--- Exercise data Enclosed Below ---
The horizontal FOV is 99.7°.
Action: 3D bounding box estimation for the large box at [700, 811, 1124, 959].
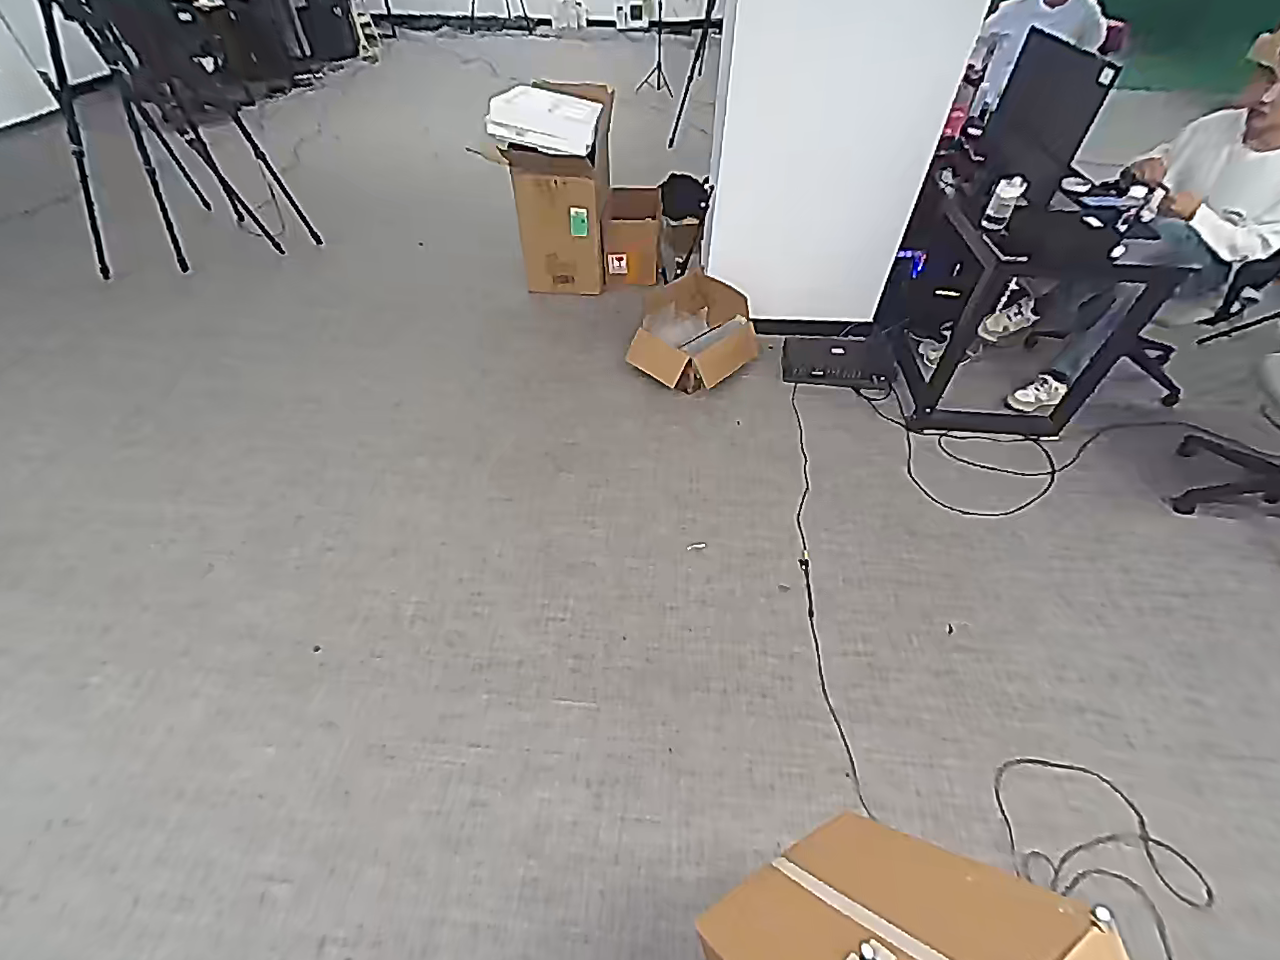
[{"bbox_3d":[0.333,0.679,0.649,0.320,0.408,0.320,-19,81,-22],"label":"large box"}]
--- End of Enclosed Exercise data ---
▶ _Exercise_: What is needed is the whole listing again, set down exactly, without its pictures.

▶ _Problem solution_:
The horizontal FOV is 99.7°.
Action: 3D bounding box estimation for the large box at [700, 811, 1124, 959].
[{"bbox_3d":[0.333,0.679,0.649,0.320,0.408,0.320,-19,81,-22],"label":"large box"}]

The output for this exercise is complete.